▸ Problem to solve:
Could you find every line in the records below that contains the word "give" and copy it?

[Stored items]
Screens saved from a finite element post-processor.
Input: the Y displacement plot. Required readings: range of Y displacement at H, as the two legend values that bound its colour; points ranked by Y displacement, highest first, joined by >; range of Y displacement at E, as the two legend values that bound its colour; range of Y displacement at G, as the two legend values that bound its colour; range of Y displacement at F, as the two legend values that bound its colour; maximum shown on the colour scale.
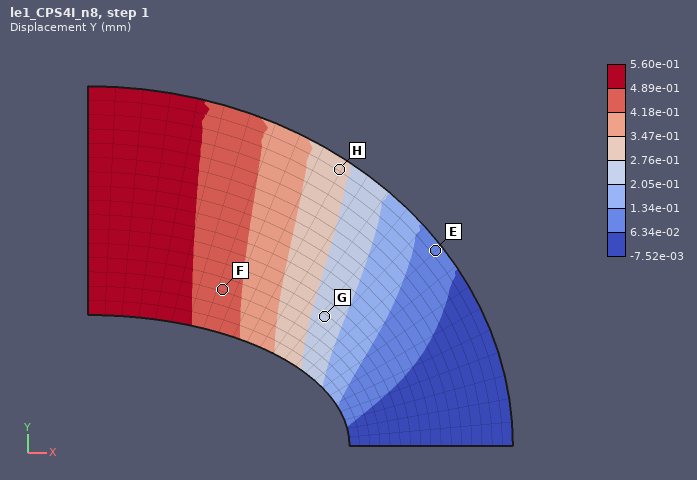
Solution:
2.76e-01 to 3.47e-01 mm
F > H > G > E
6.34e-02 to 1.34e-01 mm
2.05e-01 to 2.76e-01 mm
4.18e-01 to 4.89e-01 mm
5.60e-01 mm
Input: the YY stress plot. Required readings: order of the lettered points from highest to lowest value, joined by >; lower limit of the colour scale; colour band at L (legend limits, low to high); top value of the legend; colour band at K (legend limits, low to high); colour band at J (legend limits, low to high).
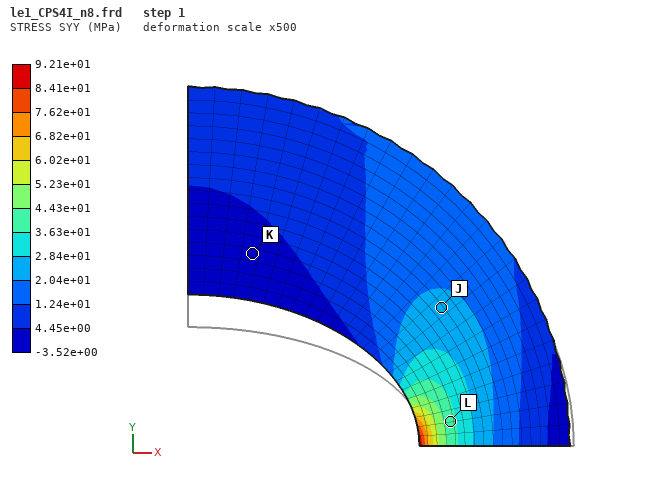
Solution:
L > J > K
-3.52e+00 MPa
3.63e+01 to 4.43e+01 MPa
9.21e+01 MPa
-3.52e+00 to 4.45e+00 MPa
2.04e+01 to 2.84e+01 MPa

* * *

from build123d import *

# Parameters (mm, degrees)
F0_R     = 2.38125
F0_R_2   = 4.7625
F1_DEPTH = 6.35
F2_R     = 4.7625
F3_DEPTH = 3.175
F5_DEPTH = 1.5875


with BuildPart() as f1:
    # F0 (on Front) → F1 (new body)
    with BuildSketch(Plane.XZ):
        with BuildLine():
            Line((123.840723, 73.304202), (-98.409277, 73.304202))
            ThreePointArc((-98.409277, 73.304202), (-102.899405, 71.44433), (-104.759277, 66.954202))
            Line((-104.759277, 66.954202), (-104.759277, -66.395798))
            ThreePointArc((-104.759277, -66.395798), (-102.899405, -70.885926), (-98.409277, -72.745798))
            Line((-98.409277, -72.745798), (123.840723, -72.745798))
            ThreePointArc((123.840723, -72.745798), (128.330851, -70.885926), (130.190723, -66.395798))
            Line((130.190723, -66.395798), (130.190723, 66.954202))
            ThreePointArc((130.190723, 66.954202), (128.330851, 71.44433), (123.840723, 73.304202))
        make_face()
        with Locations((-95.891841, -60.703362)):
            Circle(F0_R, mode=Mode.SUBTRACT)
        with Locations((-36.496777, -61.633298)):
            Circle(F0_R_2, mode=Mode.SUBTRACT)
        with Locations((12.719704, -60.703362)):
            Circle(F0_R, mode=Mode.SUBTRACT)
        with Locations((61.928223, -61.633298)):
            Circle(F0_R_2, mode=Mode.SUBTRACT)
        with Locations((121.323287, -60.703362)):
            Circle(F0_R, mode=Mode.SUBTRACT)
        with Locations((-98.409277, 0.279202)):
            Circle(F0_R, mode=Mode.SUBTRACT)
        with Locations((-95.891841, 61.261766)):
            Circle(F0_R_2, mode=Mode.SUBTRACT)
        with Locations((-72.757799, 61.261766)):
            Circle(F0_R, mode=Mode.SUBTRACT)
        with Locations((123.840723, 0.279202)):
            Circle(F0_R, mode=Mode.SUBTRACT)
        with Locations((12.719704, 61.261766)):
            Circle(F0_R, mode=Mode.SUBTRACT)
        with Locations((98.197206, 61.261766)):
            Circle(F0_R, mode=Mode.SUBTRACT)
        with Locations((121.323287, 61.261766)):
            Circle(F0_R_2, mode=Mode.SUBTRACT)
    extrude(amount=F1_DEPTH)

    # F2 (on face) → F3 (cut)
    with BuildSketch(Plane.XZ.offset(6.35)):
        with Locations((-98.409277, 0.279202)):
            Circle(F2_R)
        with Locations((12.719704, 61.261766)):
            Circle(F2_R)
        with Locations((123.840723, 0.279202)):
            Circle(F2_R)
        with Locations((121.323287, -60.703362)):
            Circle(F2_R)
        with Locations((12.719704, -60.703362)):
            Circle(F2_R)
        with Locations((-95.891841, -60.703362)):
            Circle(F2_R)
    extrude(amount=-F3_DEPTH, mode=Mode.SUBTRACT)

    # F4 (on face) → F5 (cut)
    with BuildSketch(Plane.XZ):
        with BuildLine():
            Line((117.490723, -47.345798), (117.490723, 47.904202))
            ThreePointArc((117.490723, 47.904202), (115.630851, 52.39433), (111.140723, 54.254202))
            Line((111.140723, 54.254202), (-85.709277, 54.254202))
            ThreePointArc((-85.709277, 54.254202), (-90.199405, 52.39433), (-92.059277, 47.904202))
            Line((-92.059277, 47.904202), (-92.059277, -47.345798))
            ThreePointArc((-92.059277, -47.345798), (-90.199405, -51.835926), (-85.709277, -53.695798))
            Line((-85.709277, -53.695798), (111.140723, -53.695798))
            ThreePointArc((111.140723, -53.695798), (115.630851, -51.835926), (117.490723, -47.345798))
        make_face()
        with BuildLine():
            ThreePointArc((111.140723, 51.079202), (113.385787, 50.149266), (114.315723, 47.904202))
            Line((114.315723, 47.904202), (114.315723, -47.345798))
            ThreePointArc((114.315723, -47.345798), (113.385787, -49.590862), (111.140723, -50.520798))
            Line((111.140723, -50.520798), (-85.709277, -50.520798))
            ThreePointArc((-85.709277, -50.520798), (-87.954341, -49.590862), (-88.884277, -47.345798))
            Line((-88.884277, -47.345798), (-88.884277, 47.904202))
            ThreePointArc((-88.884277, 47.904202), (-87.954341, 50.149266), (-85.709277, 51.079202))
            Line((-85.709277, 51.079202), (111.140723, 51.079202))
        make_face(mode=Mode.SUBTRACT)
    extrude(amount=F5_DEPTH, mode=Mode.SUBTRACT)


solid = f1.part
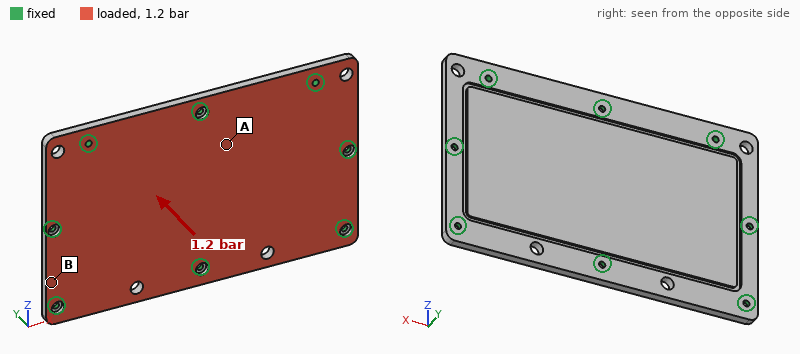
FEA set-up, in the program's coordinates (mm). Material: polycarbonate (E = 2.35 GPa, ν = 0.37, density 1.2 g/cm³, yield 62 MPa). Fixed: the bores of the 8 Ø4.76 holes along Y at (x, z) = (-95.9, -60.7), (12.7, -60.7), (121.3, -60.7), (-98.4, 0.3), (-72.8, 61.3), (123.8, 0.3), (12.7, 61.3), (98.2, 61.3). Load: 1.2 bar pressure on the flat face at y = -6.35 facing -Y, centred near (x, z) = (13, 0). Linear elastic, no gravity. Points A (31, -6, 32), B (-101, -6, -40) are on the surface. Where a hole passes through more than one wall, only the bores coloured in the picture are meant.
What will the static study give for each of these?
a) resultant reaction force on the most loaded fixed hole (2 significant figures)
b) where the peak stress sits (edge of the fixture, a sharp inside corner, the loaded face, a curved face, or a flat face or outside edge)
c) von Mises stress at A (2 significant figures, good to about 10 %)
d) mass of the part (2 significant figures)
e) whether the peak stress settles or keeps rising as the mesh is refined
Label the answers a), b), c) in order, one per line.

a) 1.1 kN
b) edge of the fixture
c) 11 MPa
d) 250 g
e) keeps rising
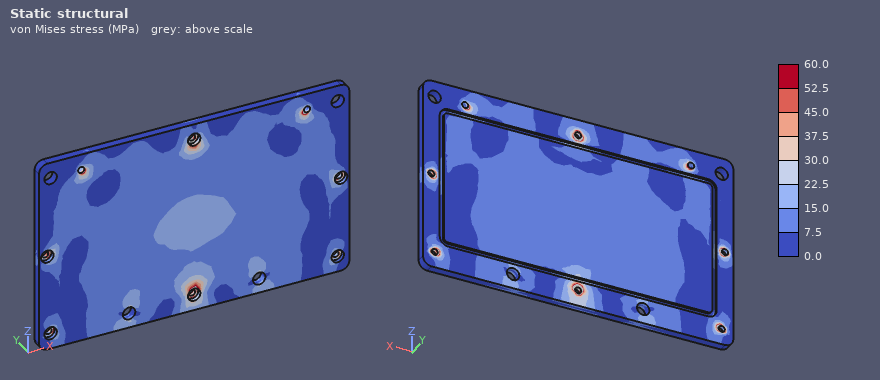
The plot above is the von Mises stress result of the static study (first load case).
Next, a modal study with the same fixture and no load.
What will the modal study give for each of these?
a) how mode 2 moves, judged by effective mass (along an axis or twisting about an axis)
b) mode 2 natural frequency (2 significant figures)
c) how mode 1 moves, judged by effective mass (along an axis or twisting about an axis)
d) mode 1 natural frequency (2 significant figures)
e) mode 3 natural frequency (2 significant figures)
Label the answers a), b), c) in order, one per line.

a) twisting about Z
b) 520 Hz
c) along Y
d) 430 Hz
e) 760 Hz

▸ Answer to the exercise:
What will the static study give for each of these?
What will the modal study give for each of these?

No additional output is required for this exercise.